Stiff person syndrome spectrum disorders (SPSD) are a group of rare neuroimmunological disorders that often include painful spasms and rigidity. However, patients have highly heterogeneous signs and symptoms which may reflect different mechanistic disease processes. Understanding subsets of patients based on clinical phenotype may be important for prognosis and guiding treatment. The goal of this review is to provide updates on SPSD and its expanding clinical spectrum, prognostic markers, and treatment considerations. Further, we describe the current understanding in immunopathogenesis and highlight gaps in our knowledge appropriate for future research directions. Examples of revised diagnostic criteria for SPSD based on phenotype are also presented.

Keywords: Autoimmunity; GAD65; Glutamic acid decarboxylase; Stiff person spectrum disorders; Stiff person syndrome.

Figure 1.. Potential mechanisms of immunopathology in Stiff Person Syndrome Spectrum Disorders.

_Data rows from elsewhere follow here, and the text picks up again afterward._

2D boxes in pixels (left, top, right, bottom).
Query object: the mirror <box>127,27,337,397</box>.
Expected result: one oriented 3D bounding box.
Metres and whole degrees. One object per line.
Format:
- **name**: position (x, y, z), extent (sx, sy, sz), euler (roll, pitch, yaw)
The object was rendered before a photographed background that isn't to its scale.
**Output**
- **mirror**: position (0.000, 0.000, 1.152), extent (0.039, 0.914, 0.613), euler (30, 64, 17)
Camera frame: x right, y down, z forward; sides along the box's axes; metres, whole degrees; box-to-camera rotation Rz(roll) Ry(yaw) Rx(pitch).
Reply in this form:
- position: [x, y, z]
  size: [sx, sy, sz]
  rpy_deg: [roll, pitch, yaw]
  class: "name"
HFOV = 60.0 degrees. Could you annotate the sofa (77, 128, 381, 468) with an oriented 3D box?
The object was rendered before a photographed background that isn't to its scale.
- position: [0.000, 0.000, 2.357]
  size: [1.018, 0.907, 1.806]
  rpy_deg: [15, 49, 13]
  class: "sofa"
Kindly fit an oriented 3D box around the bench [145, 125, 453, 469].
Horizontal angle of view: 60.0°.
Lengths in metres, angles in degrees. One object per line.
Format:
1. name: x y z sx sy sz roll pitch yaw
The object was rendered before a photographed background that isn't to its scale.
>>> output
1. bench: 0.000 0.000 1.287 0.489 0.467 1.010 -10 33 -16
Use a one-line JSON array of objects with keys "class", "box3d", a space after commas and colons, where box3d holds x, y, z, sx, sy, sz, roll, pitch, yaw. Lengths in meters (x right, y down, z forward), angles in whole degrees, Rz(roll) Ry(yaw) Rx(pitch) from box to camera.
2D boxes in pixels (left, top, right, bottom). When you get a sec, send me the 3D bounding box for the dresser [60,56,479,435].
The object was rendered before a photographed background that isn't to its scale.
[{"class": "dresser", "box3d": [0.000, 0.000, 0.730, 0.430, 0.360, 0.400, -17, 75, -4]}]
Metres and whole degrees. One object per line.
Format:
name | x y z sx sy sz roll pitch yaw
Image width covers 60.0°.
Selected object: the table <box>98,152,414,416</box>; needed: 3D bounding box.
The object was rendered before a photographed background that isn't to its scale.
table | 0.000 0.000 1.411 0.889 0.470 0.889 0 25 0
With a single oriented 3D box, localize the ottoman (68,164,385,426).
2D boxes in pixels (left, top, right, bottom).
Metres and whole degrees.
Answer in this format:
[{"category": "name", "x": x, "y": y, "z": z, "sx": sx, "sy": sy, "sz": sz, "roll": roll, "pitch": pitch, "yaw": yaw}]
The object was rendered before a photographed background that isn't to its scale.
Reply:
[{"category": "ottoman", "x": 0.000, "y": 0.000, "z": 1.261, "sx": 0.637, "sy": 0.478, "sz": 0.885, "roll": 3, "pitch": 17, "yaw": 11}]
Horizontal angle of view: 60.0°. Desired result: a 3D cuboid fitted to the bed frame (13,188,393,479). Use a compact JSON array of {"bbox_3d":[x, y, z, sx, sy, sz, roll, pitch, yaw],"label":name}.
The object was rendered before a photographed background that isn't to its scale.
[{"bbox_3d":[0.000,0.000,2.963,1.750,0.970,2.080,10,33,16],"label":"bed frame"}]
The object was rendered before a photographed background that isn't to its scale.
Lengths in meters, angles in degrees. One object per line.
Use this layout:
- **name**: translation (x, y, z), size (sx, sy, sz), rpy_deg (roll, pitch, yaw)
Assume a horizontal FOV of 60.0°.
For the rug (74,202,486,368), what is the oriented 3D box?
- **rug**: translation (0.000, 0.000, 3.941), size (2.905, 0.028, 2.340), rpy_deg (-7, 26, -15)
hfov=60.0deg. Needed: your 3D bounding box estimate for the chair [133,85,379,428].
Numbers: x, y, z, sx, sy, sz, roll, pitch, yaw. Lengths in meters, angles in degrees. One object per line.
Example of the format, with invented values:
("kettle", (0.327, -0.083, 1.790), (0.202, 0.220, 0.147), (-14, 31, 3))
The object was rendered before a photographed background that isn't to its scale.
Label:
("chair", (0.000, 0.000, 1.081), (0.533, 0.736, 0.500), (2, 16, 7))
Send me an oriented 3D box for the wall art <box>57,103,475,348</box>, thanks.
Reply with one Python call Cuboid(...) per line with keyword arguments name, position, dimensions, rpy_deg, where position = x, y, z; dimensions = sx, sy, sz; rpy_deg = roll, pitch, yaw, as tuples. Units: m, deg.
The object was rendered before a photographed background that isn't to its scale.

(A) T cell mediated cytotoxicity. GAD65 expressing neurons synthesize the neurotransmitter GABA from glutamate. GAD65 epitopes are processed and presented in MHC molecules which are recognized by autoreactive T cells. T cells that recognized GAD65 epitopes can initiate cytotoxic immune responses including the release of perforin and granzyme B. (B) Receptors are impaired by antibody binding. 1) The normal function of glycine receptors. Upon binding by glycine, glycine receptors open and allow for chloride ions to flow through into the cell. 2) Antibody mediated inhibition of receptor functioning. Antibodies to the glycine receptor may cause the channel to remain closed despite the presence of glycine. 3) Antibody mediated internalization of receptors. Upon antibody binding, glycine receptors are internalized by the cell thereby limiting the number of active and available receptors for glycine binding and ion flux. (C) Antibodies to accessory proteins can also result in channel internalization. DPPX and Kv4.2 are both expressed on neuronal membranes. Antibodies specific to DPPX initiate internalization of both DPPX and KV4.2 (top), resulting in hyperexcitability, and potentially death, of the neuron (bottom left). Both DPPX and Kv4.2 can re-establish on the membrane surface upon antibody removal (bottom right). (D) Antibodies can interfere with vesicle recycling and neuronal signaling. Amphiphysin is an important regulator of clathrin-coated synaptic vesicles. In a healthy neuron (left) there is continuous recycling of vesicles. Antibodies to amphiphysin are internalized and interfere with vesicle recycling (right). This results in an accumulation of readily releasable vesicles (yellow) and a decrease in resting vesicles (blue), resulting in impairments of neuronal signaling.